Exclude the pictures; give every entry again exactly as written.

BEGIN Information given

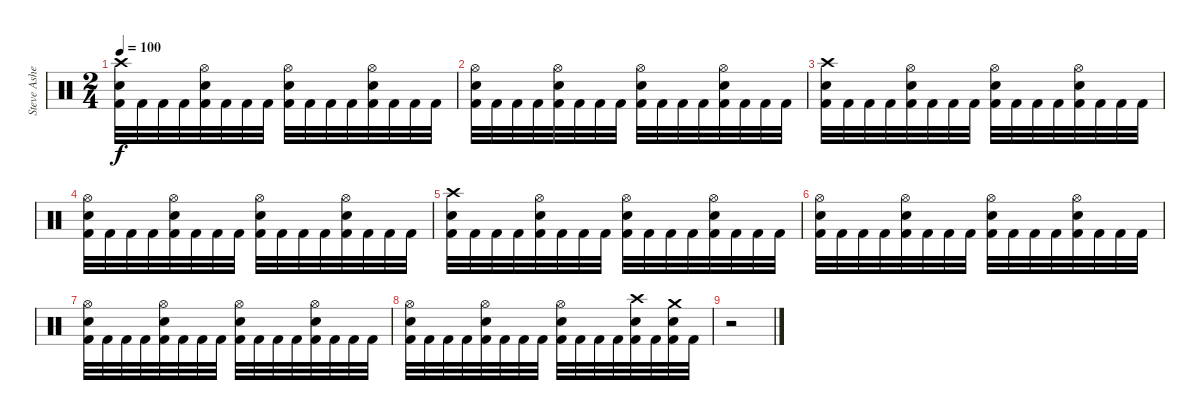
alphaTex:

\track ("Steve Asheim" "Steve Ashe") {instrument percussion}
\staff {score}
\articulation defaults
\ts (2 4)
\tempo 100
\clef neutral
\ks c
("Crash high (hit)" "Electric Snare (hit)" "Kick (hit) 2").32{dy f} "Kick (hit) 2".32 "Kick (hit) 2".32 "Kick (hit) 2".32 ("Hi-Hat (open)" "Electric Snare (hit)" "Kick (hit) 2").32 "Kick (hit) 2".32 "Kick (hit) 2".32 "Kick (hit) 2".32 ("Hi-Hat (open)" "Electric Snare (hit)" "Kick (hit) 2").32 "Kick (hit) 2".32 "Kick (hit) 2".32 "Kick (hit) 2".32 ("Hi-Hat (open)" "Electric Snare (hit)" "Kick (hit) 2").32 "Kick (hit) 2".32 "Kick (hit) 2".32 "Kick (hit) 2".32 |
("Hi-Hat (open)" "Electric Snare (hit)" "Kick (hit) 2").32 "Kick (hit) 2".32 "Kick (hit) 2".32 "Kick (hit) 2".32 ("Hi-Hat (open)" "Electric Snare (hit)" "Kick (hit) 2").32 "Kick (hit) 2".32 "Kick (hit) 2".32 "Kick (hit) 2".32 ("Hi-Hat (open)" "Electric Snare (hit)" "Kick (hit) 2").32 "Kick (hit) 2".32 "Kick (hit) 2".32 "Kick (hit) 2".32 ("Hi-Hat (open)" "Electric Snare (hit)" "Kick (hit) 2").32 "Kick (hit) 2".32 "Kick (hit) 2".32 "Kick (hit) 2".32 |
("Crash high (hit)" "Electric Snare (hit)" "Kick (hit) 2").32 "Kick (hit) 2".32 "Kick (hit) 2".32 "Kick (hit) 2".32 ("Hi-Hat (open)" "Electric Snare (hit)" "Kick (hit) 2").32 "Kick (hit) 2".32 "Kick (hit) 2".32 "Kick (hit) 2".32 ("Hi-Hat (open)" "Electric Snare (hit)" "Kick (hit) 2").32 "Kick (hit) 2".32 "Kick (hit) 2".32 "Kick (hit) 2".32 ("Hi-Hat (open)" "Electric Snare (hit)" "Kick (hit) 2").32 "Kick (hit) 2".32 "Kick (hit) 2".32 "Kick (hit) 2".32 |
("Hi-Hat (open)" "Electric Snare (hit)" "Kick (hit) 2").32 "Kick (hit) 2".32 "Kick (hit) 2".32 "Kick (hit) 2".32 ("Hi-Hat (open)" "Electric Snare (hit)" "Kick (hit) 2").32 "Kick (hit) 2".32 "Kick (hit) 2".32 "Kick (hit) 2".32 ("Hi-Hat (open)" "Electric Snare (hit)" "Kick (hit) 2").32 "Kick (hit) 2".32 "Kick (hit) 2".32 "Kick (hit) 2".32 ("Hi-Hat (open)" "Electric Snare (hit)" "Kick (hit) 2").32 "Kick (hit) 2".32 "Kick (hit) 2".32 "Kick (hit) 2".32 |
("Crash high (hit)" "Electric Snare (hit)" "Kick (hit) 2").32 "Kick (hit) 2".32 "Kick (hit) 2".32 "Kick (hit) 2".32 ("Hi-Hat (open)" "Electric Snare (hit)" "Kick (hit) 2").32 "Kick (hit) 2".32 "Kick (hit) 2".32 "Kick (hit) 2".32 ("Hi-Hat (open)" "Electric Snare (hit)" "Kick (hit) 2").32 "Kick (hit) 2".32 "Kick (hit) 2".32 "Kick (hit) 2".32 ("Hi-Hat (open)" "Electric Snare (hit)" "Kick (hit) 2").32 "Kick (hit) 2".32 "Kick (hit) 2".32 "Kick (hit) 2".32 |
("Hi-Hat (open)" "Electric Snare (hit)" "Kick (hit) 2").32 "Kick (hit) 2".32 "Kick (hit) 2".32 "Kick (hit) 2".32 ("Hi-Hat (open)" "Electric Snare (hit)" "Kick (hit) 2").32 "Kick (hit) 2".32 "Kick (hit) 2".32 "Kick (hit) 2".32 ("Hi-Hat (open)" "Electric Snare (hit)" "Kick (hit) 2").32 "Kick (hit) 2".32 "Kick (hit) 2".32 "Kick (hit) 2".32 ("Hi-Hat (open)" "Electric Snare (hit)" "Kick (hit) 2").32 "Kick (hit) 2".32 "Kick (hit) 2".32 "Kick (hit) 2".32 |
("Hi-Hat (open)" "Electric Snare (hit)" "Kick (hit) 2").32 "Kick (hit) 2".32 "Kick (hit) 2".32 "Kick (hit) 2".32 ("Hi-Hat (open)" "Electric Snare (hit)" "Kick (hit) 2").32 "Kick (hit) 2".32 "Kick (hit) 2".32 "Kick (hit) 2".32 ("Hi-Hat (open)" "Electric Snare (hit)" "Kick (hit) 2").32 "Kick (hit) 2".32 "Kick (hit) 2".32 "Kick (hit) 2".32 ("Hi-Hat (open)" "Electric Snare (hit)" "Kick (hit) 2").32 "Kick (hit) 2".32 "Kick (hit) 2".32 "Kick (hit) 2".32 |
("Hi-Hat (open)" "Electric Snare (hit)" "Kick (hit) 2").32 "Kick (hit) 2".32 "Kick (hit) 2".32 "Kick (hit) 2".32 ("Hi-Hat (open)" "Electric Snare (hit)" "Kick (hit) 2").32 "Kick (hit) 2".32 "Kick (hit) 2".32 "Kick (hit) 2".32 ("Hi-Hat (open)" "Electric Snare (hit)" "Kick (hit) 2").32 "Kick (hit) 2".32 "Kick (hit) 2".32 "Kick (hit) 2".32 ("Crash high (hit)" "Electric Snare (hit)" "Kick (hit) 2").32 "Kick (hit) 2".32 ("Crash medium (hit)" "Electric Snare (hit)" "Kick (hit) 2").32 "Kick (hit) 2".32 |
r.2

END Information given

Solution below.
alphaTex:

\track ("Steve Asheim" "Steve Ashe") {instrument percussion}
\staff {score}
\articulation defaults
\ts (2 4)
\tempo 100
\clef neutral
\ks c
("Crash high (hit)" "Electric Snare (hit)" "Kick (hit) 2").32{dy f} "Kick (hit) 2".32 "Kick (hit) 2".32 "Kick (hit) 2".32 ("Hi-Hat (open)" "Electric Snare (hit)" "Kick (hit) 2").32 "Kick (hit) 2".32 "Kick (hit) 2".32 "Kick (hit) 2".32 ("Hi-Hat (open)" "Electric Snare (hit)" "Kick (hit) 2").32 "Kick (hit) 2".32 "Kick (hit) 2".32 "Kick (hit) 2".32 ("Hi-Hat (open)" "Electric Snare (hit)" "Kick (hit) 2").32 "Kick (hit) 2".32 "Kick (hit) 2".32 "Kick (hit) 2".32 |
("Hi-Hat (open)" "Electric Snare (hit)" "Kick (hit) 2").32 "Kick (hit) 2".32 "Kick (hit) 2".32 "Kick (hit) 2".32 ("Hi-Hat (open)" "Electric Snare (hit)" "Kick (hit) 2").32 "Kick (hit) 2".32 "Kick (hit) 2".32 "Kick (hit) 2".32 ("Hi-Hat (open)" "Electric Snare (hit)" "Kick (hit) 2").32 "Kick (hit) 2".32 "Kick (hit) 2".32 "Kick (hit) 2".32 ("Hi-Hat (open)" "Electric Snare (hit)" "Kick (hit) 2").32 "Kick (hit) 2".32 "Kick (hit) 2".32 "Kick (hit) 2".32 |
("Crash high (hit)" "Electric Snare (hit)" "Kick (hit) 2").32 "Kick (hit) 2".32 "Kick (hit) 2".32 "Kick (hit) 2".32 ("Hi-Hat (open)" "Electric Snare (hit)" "Kick (hit) 2").32 "Kick (hit) 2".32 "Kick (hit) 2".32 "Kick (hit) 2".32 ("Hi-Hat (open)" "Electric Snare (hit)" "Kick (hit) 2").32 "Kick (hit) 2".32 "Kick (hit) 2".32 "Kick (hit) 2".32 ("Hi-Hat (open)" "Electric Snare (hit)" "Kick (hit) 2").32 "Kick (hit) 2".32 "Kick (hit) 2".32 "Kick (hit) 2".32 |
("Hi-Hat (open)" "Electric Snare (hit)" "Kick (hit) 2").32 "Kick (hit) 2".32 "Kick (hit) 2".32 "Kick (hit) 2".32 ("Hi-Hat (open)" "Electric Snare (hit)" "Kick (hit) 2").32 "Kick (hit) 2".32 "Kick (hit) 2".32 "Kick (hit) 2".32 ("Hi-Hat (open)" "Electric Snare (hit)" "Kick (hit) 2").32 "Kick (hit) 2".32 "Kick (hit) 2".32 "Kick (hit) 2".32 ("Hi-Hat (open)" "Electric Snare (hit)" "Kick (hit) 2").32 "Kick (hit) 2".32 "Kick (hit) 2".32 "Kick (hit) 2".32 |
("Crash high (hit)" "Electric Snare (hit)" "Kick (hit) 2").32 "Kick (hit) 2".32 "Kick (hit) 2".32 "Kick (hit) 2".32 ("Hi-Hat (open)" "Electric Snare (hit)" "Kick (hit) 2").32 "Kick (hit) 2".32 "Kick (hit) 2".32 "Kick (hit) 2".32 ("Hi-Hat (open)" "Electric Snare (hit)" "Kick (hit) 2").32 "Kick (hit) 2".32 "Kick (hit) 2".32 "Kick (hit) 2".32 ("Hi-Hat (open)" "Electric Snare (hit)" "Kick (hit) 2").32 "Kick (hit) 2".32 "Kick (hit) 2".32 "Kick (hit) 2".32 |
("Hi-Hat (open)" "Electric Snare (hit)" "Kick (hit) 2").32 "Kick (hit) 2".32 "Kick (hit) 2".32 "Kick (hit) 2".32 ("Hi-Hat (open)" "Electric Snare (hit)" "Kick (hit) 2").32 "Kick (hit) 2".32 "Kick (hit) 2".32 "Kick (hit) 2".32 ("Hi-Hat (open)" "Electric Snare (hit)" "Kick (hit) 2").32 "Kick (hit) 2".32 "Kick (hit) 2".32 "Kick (hit) 2".32 ("Hi-Hat (open)" "Electric Snare (hit)" "Kick (hit) 2").32 "Kick (hit) 2".32 "Kick (hit) 2".32 "Kick (hit) 2".32 |
("Hi-Hat (open)" "Electric Snare (hit)" "Kick (hit) 2").32 "Kick (hit) 2".32 "Kick (hit) 2".32 "Kick (hit) 2".32 ("Hi-Hat (open)" "Electric Snare (hit)" "Kick (hit) 2").32 "Kick (hit) 2".32 "Kick (hit) 2".32 "Kick (hit) 2".32 ("Hi-Hat (open)" "Electric Snare (hit)" "Kick (hit) 2").32 "Kick (hit) 2".32 "Kick (hit) 2".32 "Kick (hit) 2".32 ("Hi-Hat (open)" "Electric Snare (hit)" "Kick (hit) 2").32 "Kick (hit) 2".32 "Kick (hit) 2".32 "Kick (hit) 2".32 |
("Hi-Hat (open)" "Electric Snare (hit)" "Kick (hit) 2").32 "Kick (hit) 2".32 "Kick (hit) 2".32 "Kick (hit) 2".32 ("Hi-Hat (open)" "Electric Snare (hit)" "Kick (hit) 2").32 "Kick (hit) 2".32 "Kick (hit) 2".32 "Kick (hit) 2".32 ("Hi-Hat (open)" "Electric Snare (hit)" "Kick (hit) 2").32 "Kick (hit) 2".32 "Kick (hit) 2".32 "Kick (hit) 2".32 ("Crash high (hit)" "Electric Snare (hit)" "Kick (hit) 2").32 "Kick (hit) 2".32 ("Crash medium (hit)" "Electric Snare (hit)" "Kick (hit) 2").32 "Kick (hit) 2".32 |
r.2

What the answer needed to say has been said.